Perplexity’s unique approach, combining LLMs with robust search capabilities, has resonated with users. The company launched its product on December 7, 2022 and has since seen exponential growth, going from 2,000–3,000 queries per day to over 3–4 million queries per day in just one year.
“It’s basically grown 1000X over a period of one year,” Arvind says. “Growth so far has been that somebody says ChatGPT doesn’t work for this particular thing, or like Bard sucks at this thing. And then like, people just tweet, oh, look at this perplexity thing. It just gets it.”
Of course, building a product as technically complex as Perplexity has not been without its challenges. Arvind describes the process as “orchestrating” various components, from the language model to the search algorithms, to deliver a seamless user experience. “That’s why this is a hard thing to build. That’s why this is not something where, oh, because you’re a startup, you’re going to lose. Because even for a big company, playing the orchestra is hard.”
Arvind’s approach to these challenges has been to relentlessly focus on execution and quality. “We are still a small team, around 30 people. When you have fewer people, you can only do fewer things. So therefore you spend a lot of time thinking about what to do. And once you’ve decided, you just do it.”
This focus on doing a few things exceptionally well is a key part of Arvind’s startup philosophy. “The best strategy for startups is to focus on very few things, like literally even one thing, because there’s not much time.
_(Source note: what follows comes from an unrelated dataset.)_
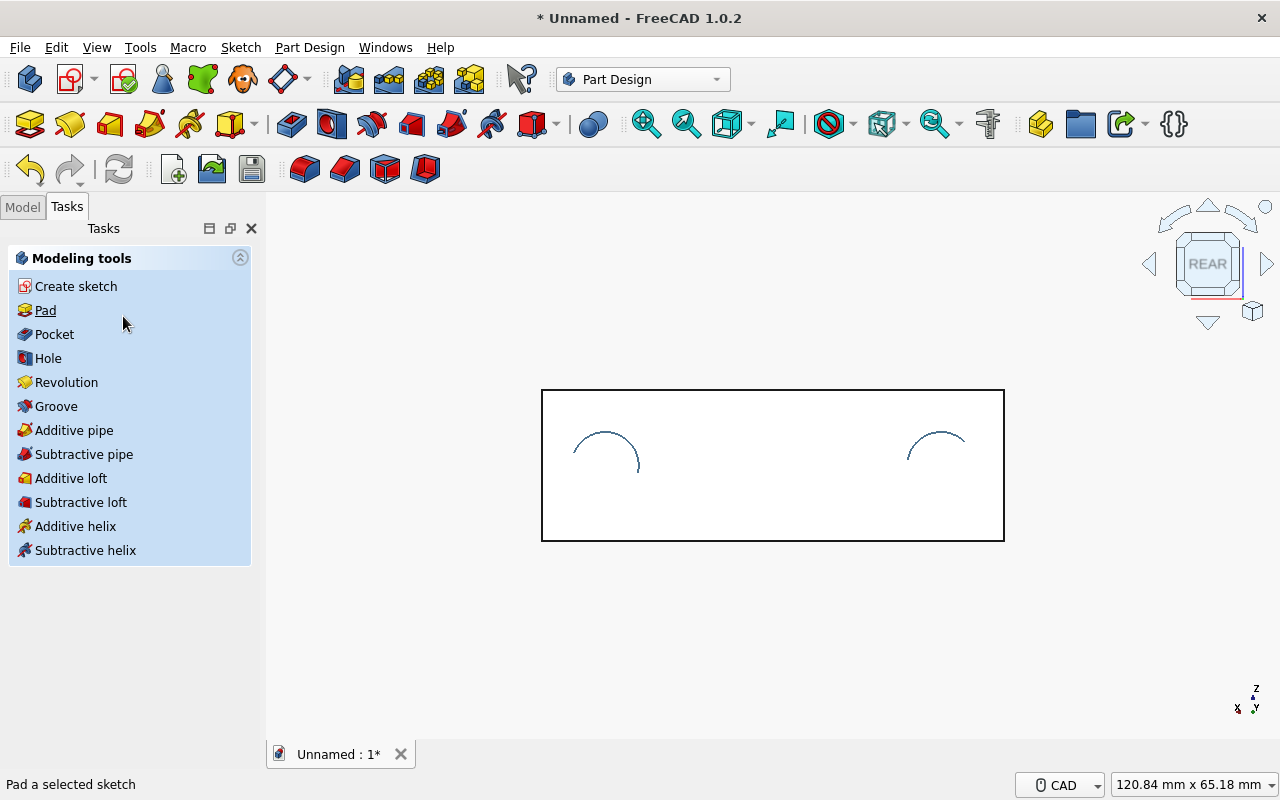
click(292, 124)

As a startup, you’re supposed to move fast, and as a startup you have very few shots at failure.”
Arvind’s passion for Perplexity is palpable. He describes waking up earlier and going to bed later, driven by a constant desire to improve the product and serve the company’s mission. “When the day ends, I always feel like there’s more stuff I could have done, so that’s actually a privilege. I also feel stress, but the opposite wouldn’t make me feel any fulfillment, honestly.”
It’s this relentless drive, combined with Arvind’s technical expertise and strategic focus, that has propelled Perplexity to such remarkable success in such a short time. As the company continues to grow and evolve, it’s clear that Arvind and his team are just getting started in their quest to revolutionize how we find and consume information online.